Sono nata a Pesaro, vivo e lavoro a Milano. Sono laureata in Medicina con due specializzazioni in Neurologia e Pediatria e mi sono perfezionata in Neonatologia, Neurologia pediatrica e Bioetica. Attualmente lavoro all’Istituto Neurologico "C. Besta" di Milano, nella Direzione Scientifica, e da anni mi occupo dei temi della disabilità.
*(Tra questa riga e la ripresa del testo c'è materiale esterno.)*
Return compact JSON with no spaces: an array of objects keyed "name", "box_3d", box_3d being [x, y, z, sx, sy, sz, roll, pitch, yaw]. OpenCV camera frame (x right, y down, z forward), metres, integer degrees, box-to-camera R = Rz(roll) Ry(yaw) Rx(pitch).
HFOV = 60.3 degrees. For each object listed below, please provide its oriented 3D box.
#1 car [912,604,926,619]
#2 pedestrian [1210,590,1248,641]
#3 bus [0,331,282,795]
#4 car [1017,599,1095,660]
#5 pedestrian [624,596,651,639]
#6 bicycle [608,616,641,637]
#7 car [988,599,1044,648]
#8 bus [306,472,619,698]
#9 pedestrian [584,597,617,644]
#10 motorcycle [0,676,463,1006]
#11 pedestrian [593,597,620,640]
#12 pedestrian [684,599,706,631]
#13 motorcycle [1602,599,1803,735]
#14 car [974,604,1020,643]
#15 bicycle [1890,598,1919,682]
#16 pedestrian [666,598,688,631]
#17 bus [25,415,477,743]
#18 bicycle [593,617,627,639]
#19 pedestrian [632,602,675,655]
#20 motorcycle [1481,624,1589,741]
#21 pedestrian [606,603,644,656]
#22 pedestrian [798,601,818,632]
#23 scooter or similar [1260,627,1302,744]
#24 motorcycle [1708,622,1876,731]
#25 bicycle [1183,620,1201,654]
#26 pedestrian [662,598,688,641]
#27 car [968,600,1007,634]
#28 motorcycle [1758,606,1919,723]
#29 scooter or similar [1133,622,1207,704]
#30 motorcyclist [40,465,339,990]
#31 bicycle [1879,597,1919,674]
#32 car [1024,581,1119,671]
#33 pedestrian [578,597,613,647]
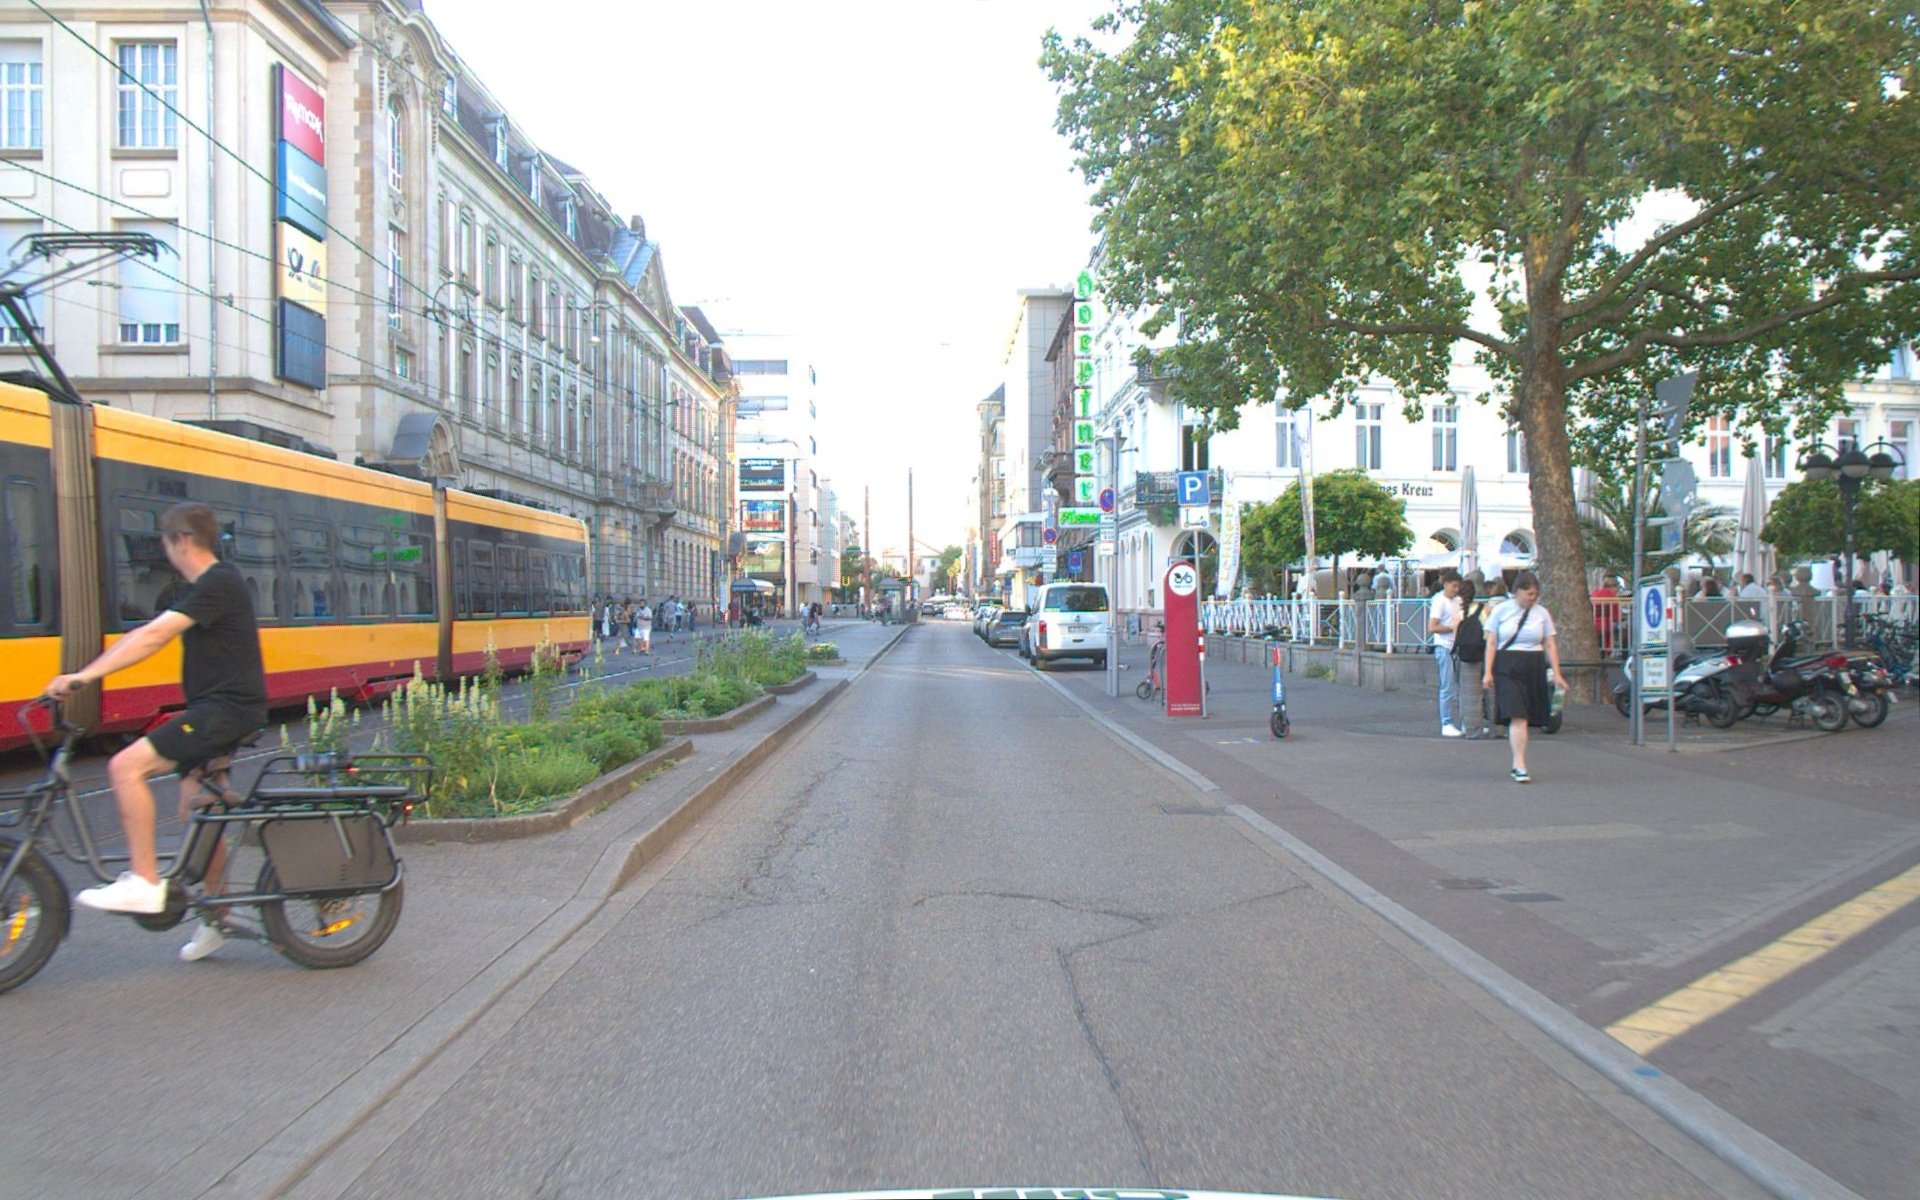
[{"name":"car","box_3d":[-5.416,1.549,218.825,1.725,1.859,3.569,-1,-2,-1]},{"name":"pedestrian","box_3d":[7.105,0.422,43.703,0.806,1.329,0.869,-1,-2,-2]},{"name":"bus","box_3d":[-9.036,-0.291,10.270,2.765,3.715,17.069,-1,0,-1]},{"name":"car","box_3d":[2.794,0.871,48.806,1.953,1.696,4.419,-1,-1,-1]},{"name":"pedestrian","box_3d":[-13.096,0.701,67.208,1.030,1.715,0.906,0,-2,-10]},{"name":"bicycle","box_3d":[-16.162,1.274,79.751,1.555,0.965,0.358,0,-1,-13]},{"name":"car","box_3d":[2.135,0.915,64.220,1.953,1.792,4.420,-1,-1,-1]},{"name":"bus","box_3d":[-9.387,-0.134,33.051,2.765,3.676,11.819,-1,-1,-1]},{"name":"pedestrian","box_3d":[-13.485,0.787,62.086,0.855,1.750,0.882,-2,-2,23]},{"name":"motorcycle","box_3d":[-3.031,0.890,6.471,2.020,1.143,0.563,0,-2,-28]},{"name":"pedestrian","box_3d":[-14.295,0.768,66.900,1.030,1.715,0.906,0,-2,-10]},{"name":"pedestrian","box_3d":[-14.437,0.826,90.210,1.033,1.715,0.903,0,0,-20]},{"name":"motorcycle","box_3d":[8.527,0.728,19.113,0.557,1.448,2.277,0,1,-27]},{"name":"car","box_3d":[1.682,1.130,77.073,1.953,1.696,4.419,-1,-2,-1]},{"name":"bicycle","box_3d":[15.704,0.639,25.807,0.437,1.314,2.090,-1,2,-36]},{"name":"pedestrian","box_3d":[-15.085,0.776,88.205,1.033,1.715,0.903,0,-1,-20]},{"name":"bus","box_3d":[-9.280,-0.217,22.974,2.765,3.688,8.287,-1,0,-1]},{"name":"bicycle","box_3d":[-16.197,1.294,76.553,1.555,0.965,0.358,0,-2,-13]},{"name":"pedestrian","box_3d":[-9.050,0.850,48.799,0.706,1.540,1.031,-3,-3,42]},{"name":"motorcycle","box_3d":[6.254,0.862,18.083,0.446,1.178,2.031,0,0,-1]},{"name":"pedestrian","box_3d":[-9.959,0.871,49.162,0.746,1.540,0.858,-3,-3,42]},{"name":"pedestrian","box_3d":[-8.595,0.919,93.427,1.027,1.715,0.908,0,0,-1]},{"name":"scooter or similar","box_3d":[3.605,0.936,18.609,0.308,1.243,1.273,-2,-1,6]},{"name":"motorcycle","box_3d":[9.573,0.848,19.098,0.544,1.171,1.782,0,0,-27]},{"name":"bicycle","box_3d":[6.329,1.009,45.156,0.245,0.918,1.373,-1,-2,-1]},{"name":"pedestrian","box_3d":[-11.824,0.812,68.560,1.030,1.715,0.906,0,-2,-10]},{"name":"car","box_3d":[1.494,0.959,90.232,1.953,1.696,4.419,-1,-2,-1]},{"name":"motorcycle","box_3d":[10.406,0.719,19.424,0.554,1.304,1.941,0,0,-27]},{"name":"scooter or similar","box_3d":[3.311,0.988,26.100,1.102,1.237,0.300,-2,0,0]},{"name":"motorcyclist","box_3d":[-3.013,0.463,6.485,0.990,1.845,0.951,0,-2,-28]},{"name":"bicycle","box_3d":[16.932,0.619,28.335,0.437,1.314,2.090,-2,2,-36]},{"name":"car","box_3d":[2.594,0.607,39.460,1.876,2.016,4.420,-1,-1,-1]},{"name":"pedestrian","box_3d":[-12.425,0.756,56.431,0.860,1.682,0.876,-1,-2,12]}]

Faccio parte del Comitato di Direzione del Centro di Ateneo di Bioetica dell'Università Cattolica. Ho due insegnamenti in Neurologia, Salute pubblica e Disabilità in una Laurea Specialistica dell’Università Cattolica di Milano. Coordino diversi progetti europei, tra cui il progetto Mhadie (Measuring Health and Disability in Europe) e sono membro della Commissione Ministeriale Salute e Disabilità. Recentemente ho contribuito ad elaborare e a portare ad approvazione la versione dedicata ai bambini della Classificazione Internazionale del Funzionamento, della Disabilità e della salute (ICF) promossa dall’Organizzazione Mondiale per la Sanità.
La rivoluzione dell’ICF
"Una società giusta, non deve ignorare i bisogni di cura: deve elargire le cure necessarie a chi ha bisogno e considerare adeguatamente l’onere che grava sulle persone che provvedono a dispensarla. Ogni teoria della giustizia che intende farsi carico del problema della disuguaglianza ha bisogno di considerare in modo adeguato tutte le condizione di bisogno, di dipendenza e di cura che caratterizzano la vita umana, e in particolare, in molti Paesi, delle donne, delle bambine. Se è vero che spesso i bambini con disabilità sono sottoposti a discriminazione, in una società giusta sarà necessario progettare un maggior numero di facilitatori."